If the accumulation of "greenhouse gases" in the atmosphere is not interrupted, then in the second half of this century their concentration will approximately double, which will lead (according to computer models) to a warming of the climate in different regions by an average of 1.5 - 4.5 ° С : in cold regions by 10 o C, and in tropical regions - only 1 - 2 o C.
As a result of warming, irreparable damage to the fate of our planet may occur: the glaciers of Greenland, the Arctic Ocean, the South Pole, and finally, mountain glaciers will begin to melt; the level of the World Ocean will rise significantly (by 1.5-2 m and more). The average temperature of Antarctica will increase by 5 "C, which is enough to melt the entire ice cap. The level of the World Ocean will rise by 4.5-8 m everywhere and flood of many coastal areas (Shanghai, Cairo, Venice, Bangkok, large areas of fertile lowlands will be flooded) in India), and millions of people will be forced to migrate inland, to mountainous areas; the influence of the ocean on land will increase through increased storms, tides, low tides.

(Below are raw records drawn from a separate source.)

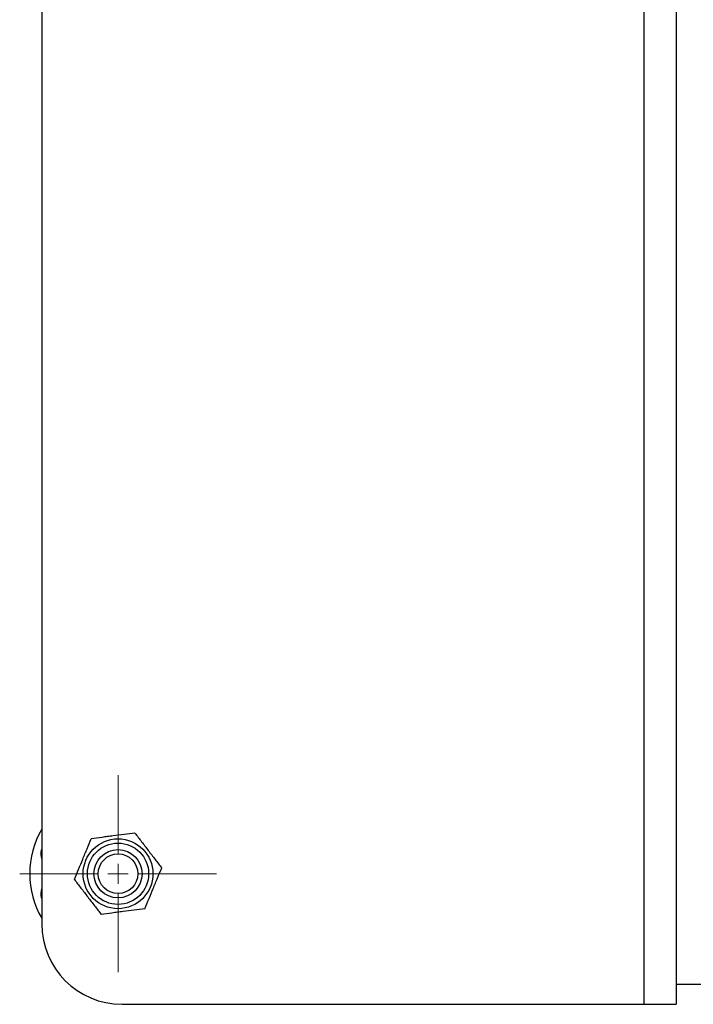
# Model space of a CAD drawing. Header units: millimetres. Extents: x 16 to 1019, y 5 to 745.
# Tile 1 of 7: x 16 to 184, y 253 to 499. Entities that reach past the tile are written whole.
import ezdxf

# ---------------------------------------------------------------- set-up
doc = ezdxf.new("R2010")
doc.units = ezdxf.units.MM

# ---------------------------------------------------------------- blocks, each defined once
blk = doc.blocks.new('SW_CENTERMARKSYMBOL_1')
at = {"color": 0, "linetype": 'Continuous', "lineweight": 18}
for p, q in [((0, 5), (0, 24.5)), ((0, 0), (0, 2.5)), ((-5, 0), (-24.5, 0)), ((0, 0), (-2.5, 0)), ((0, 0), (0, -2.5)), ((0, 0), (2.5, 0)), ((5, 0), (24.5, 0)), ((0, -5), (0, -24.5))]:
    blk.add_line(p, q, dxfattribs=at)

msp = doc.modelspace()

# ---------------------------------------------------------------- linework, layer by layer
at = {"color": 7, "linetype": 'Continuous', "lineweight": 25}
for p, q in [((171.31, 578.42), (171.31, 253.42)), ((179.31, 578.42), (179.31, 253.42)), ((21.31, 558.42), (21.31, 273.42)), ((21.31, 292.16), (21.19, 291.79)), ((21.19, 280.04), (21.31, 279.67)), ((179.31, 258.42), (207.12, 258.42)), ((41.31, 253.42), (171.31, 253.42)), ((171.31, 253.42), (179.31, 253.42))]:
    msp.add_line(p, q, dxfattribs=at)
at = {"color": 8, "linetype": 'Continuous', "lineweight": 25}
for p, q in [((21.31, 291.75), (21.19, 291.79)), ((21.31, 280.08), (21.19, 280.04))]:
    msp.add_line(p, q, dxfattribs=at)
at = {"color": 7, "linetype": 'Continuous', "lineweight": 25}
for radius in [8.7, 7.63, 6, 4.93]:
    msp.add_circle((40.31, 285.92), radius, dxfattribs=at)
for centre, radius, start, end in [((40.31, 285.92), 22, 149.7274, 180), ((24.04, 290.86), 3, 162, 204.3972), ((40.31, 285.92), 22, 180, 210.2726), ((24.04, 280.97), 3, 155.6028, 198), ((41.31, 273.42), 20, 180, 270)]:
    msp.add_arc(centre, radius, start, end, dxfattribs=at)
for points in [[(29.43, 284.49), (29.78, 285.31), (30.13, 286.16), (30.83, 287.85), (31.18, 288.7), (31.71, 289.99), (31.89, 290.42), (32.25, 291.28), (32.43, 291.71), (32.95, 292.97), (33.3, 293.8), (33.64, 294.62)], [(44.51, 296.05), (43.62, 295.93), (42.73, 295.82), (40.92, 295.58), (40.01, 295.46), (38.62, 295.28), (38.16, 295.22), (37.24, 295.1), (36.78, 295.04), (35.42, 294.86), (34.53, 294.74), (33.64, 294.62)], [(44.51, 296.05), (45.06, 295.34), (45.61, 294.62), (46.72, 293.18), (47.28, 292.45), (48.13, 291.34), (48.41, 290.96), (48.98, 290.23), (49.26, 289.86), (50.09, 288.77), (50.64, 288.06), (51.19, 287.35)], [(46.99, 277.21), (47.33, 278.04), (47.68, 278.88), (48.38, 280.57), (48.73, 281.42), (49.26, 282.71), (49.44, 283.14), (49.8, 284), (49.98, 284.43), (50.5, 285.7), (50.85, 286.53), (51.19, 287.35)], [(29.43, 284.49), (29.98, 283.78), (30.53, 283.06), (31.64, 281.62), (32.2, 280.89), (33.05, 279.78), (33.33, 279.4), (33.9, 278.67), (34.18, 278.3), (35.01, 277.21), (35.56, 276.5), (36.11, 275.78)], [(46.99, 277.21), (46.1, 277.1), (45.2, 276.98), (43.4, 276.74), (42.48, 276.62), (41.1, 276.44), (40.63, 276.38), (39.71, 276.26), (39.26, 276.2), (37.89, 276.02), (37, 275.9), (36.11, 275.78)]]:
    msp.add_open_spline(points, degree=3, knots=[0, 0, 0, 0, 0.25, 0.25, 0.5, 0.5, 0.625, 0.625, 0.75, 0.75, 1, 1, 1, 1], dxfattribs=at)

# ---------------------------------------------------------------- block references
at = {"color": 7, "linetype": 'Continuous', "lineweight": 18}
msp.add_blockref('SW_CENTERMARKSYMBOL_1', (40.31, 285.92), dxfattribs=at)

doc.saveas('drawing.dxf')
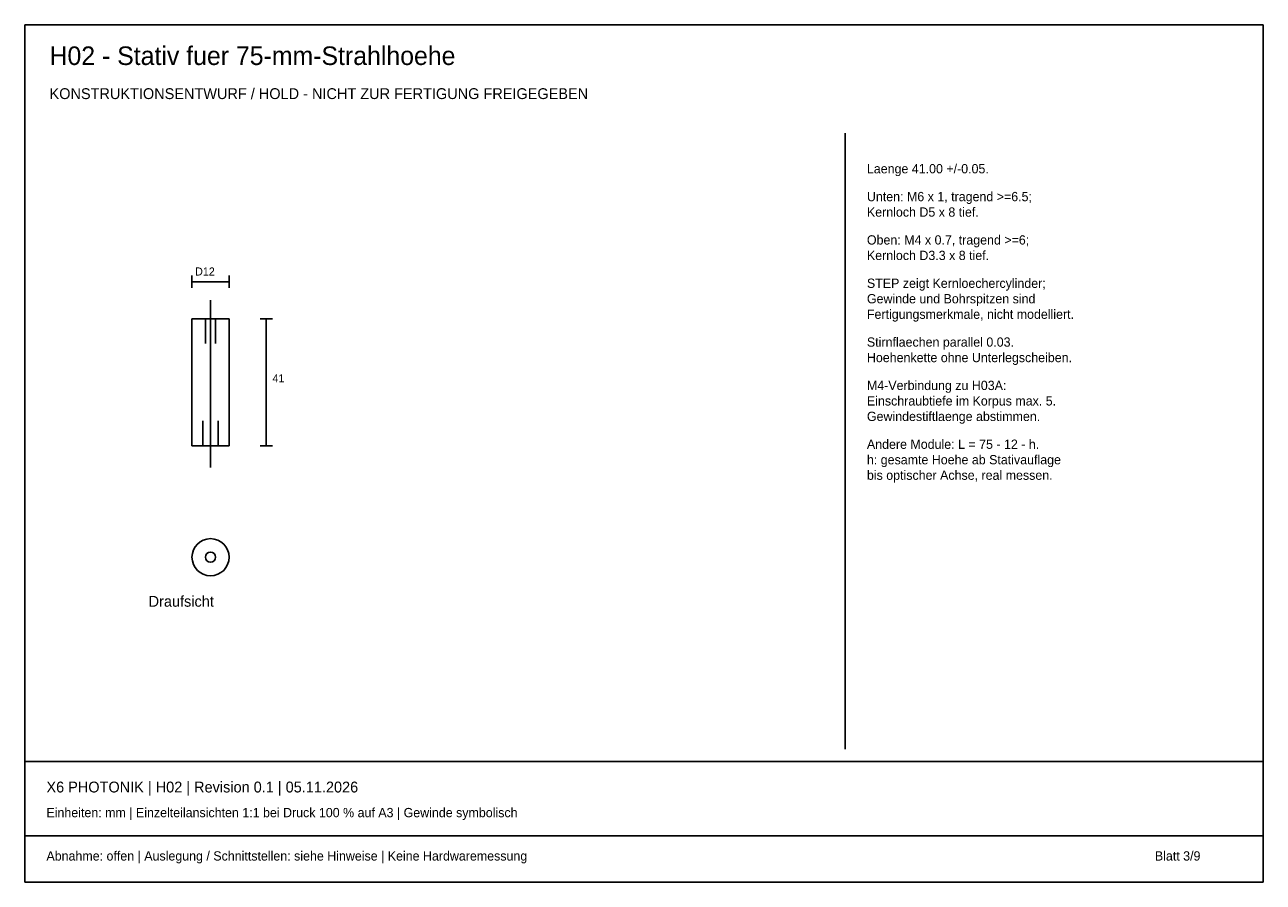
# Model space of a CAD drawing. Header units: millimetres. Extents: x 10 to 410, y 10 to 287.
import ezdxf

# ---------------------------------------------------------------- set-up
doc = ezdxf.new("R2010")
doc.units = ezdxf.units.MM
for name, color, linetype in [('CENTER', 4, 'Continuous'), ('GEOMETRY', 7, 'Continuous'), ('TEXT', 7, 'Continuous')]:
    doc.layers.add(name, color=color, linetype=linetype)

msp = doc.modelspace()

# ---------------------------------------------------------------- linework, layer by layer
at = {"layer": 'CENTER'}
for p, q in [((70, 144), (70, 198)), ((68.35, 184), (68.35, 192)), ((71.65, 184), (71.65, 192)), ((67.5, 151), (67.5, 159)), ((72.5, 151), (72.5, 159))]:
    msp.add_line(p, q, dxfattribs=at)
at = {"layer": 'GEOMETRY'}
for p, q in [((410, 287), (10, 287)), ((10, 287), (10, 10)), ((410, 10), (410, 287)), ((275, 53), (275, 252)), ((64, 202), (64, 206)), ((64, 204), (76, 204)), ((76, 202), (76, 206)), ((76, 192), (64, 192)), ((64, 192), (64, 151)), ((76, 151), (76, 192)), ((86, 192), (90, 192)), ((88, 151), (88, 192)), ((64, 151), (76, 151)), ((86, 151), (90, 151)), ((10, 49), (410, 49)), ((10, 25), (410, 25)), ((10, 10), (410, 10))]:
    msp.add_line(p, q, dxfattribs=at)
for radius in [6, 1.65]:
    msp.add_circle((70, 115), radius, dxfattribs=at)

# ---------------------------------------------------------------- texts
at = {"layer": 'TEXT'}
for s, height, p in [('H02 - Stativ fuer 75-mm-Strahlhoehe', 6, (18, 274)), ('KONSTRUKTIONSENTWURF / HOLD - NICHT ZUR FERTIGUNG FREIGEGEBEN', 3.5, (18, 263)), ('Laenge 41.00 +/-0.05.', 3, (282, 239)), ('Unten: M6 x 1, tragend >=6.5;', 3, (282, 230)), ('Kernloch D5 x 8 tief.', 3, (282, 225)), ('Oben: M4 x 0.7, tragend >=6;', 3, (282, 216)), ('Kernloch D3.3 x 8 tief.', 3, (282, 211)), ('D12', 2.6, (65, 206)), ('STEP zeigt Kernloechercylinder;', 3, (282, 202)), ('Gewinde und Bohrspitzen sind', 3, (282, 197)), ('Fertigungsmerkmale, nicht modelliert.', 3, (282, 192)), ('Stirnflaechen parallel 0.03.', 3, (282, 183)), ('Hoehenkette ohne Unterlegscheiben.', 3, (282, 178)), ('41', 2.6, (90, 171.5)), ('M4-Verbindung zu H03A:', 3, (282, 169)), ('Einschraubtiefe im Korpus max. 5.', 3, (282, 164)), ('Gewindestiftlaenge abstimmen.', 3, (282, 159)), ('Andere Module: L = 75 - 12 - h.', 3, (282, 150)), ('h: gesamte Hoehe ab Stativauflage', 3, (282, 145)), ('bis optischer Achse, real messen.', 3, (282, 140)), ('Draufsicht', 3.5, (50, 99)), ('X6 PHOTONIK | H02 | Revision 0.1 | 05.11.2026', 3.5, (17, 39)), ('Einheiten: mm | Einzelteilansichten 1:1 bei Druck 100 % auf A3 | Gewinde symbolisch', 3, (17, 31)), ('Abnahme: offen | Auslegung / Schnittstellen: siehe Hinweise | Keine Hardwaremessung', 3, (17, 17)), ('Blatt 3/9', 3, (375, 17))]:
    msp.add_text(s, height=height, dxfattribs=at).set_placement(p)

doc.saveas('drawing.dxf')

Equalization of temperature at the equator and poles will disrupt the current circulation of the atmosphere, change the precipitation regime (scarce precipitation in the areas of agriculture), a decrease in the production of grain, meat and other foodstuffs. There is little hope for irrigation of these territories, since today the level of groundwater has dropped markedly, and by the middle of the century their reserves will practically be used up. already beginning to show: prolonged droughts in South Africa (5 years), Severn oh America (6 years old), warm winters, etc.
With general warming, winters will be colder than before and summers hotter. In addition, droughts, floods, hurricanes, tornadoes and other weather and climatic anomalies will become more frequent and more severe. Warming will be accompanied by a decrease in bioproductivity, the spread of pests and diseases.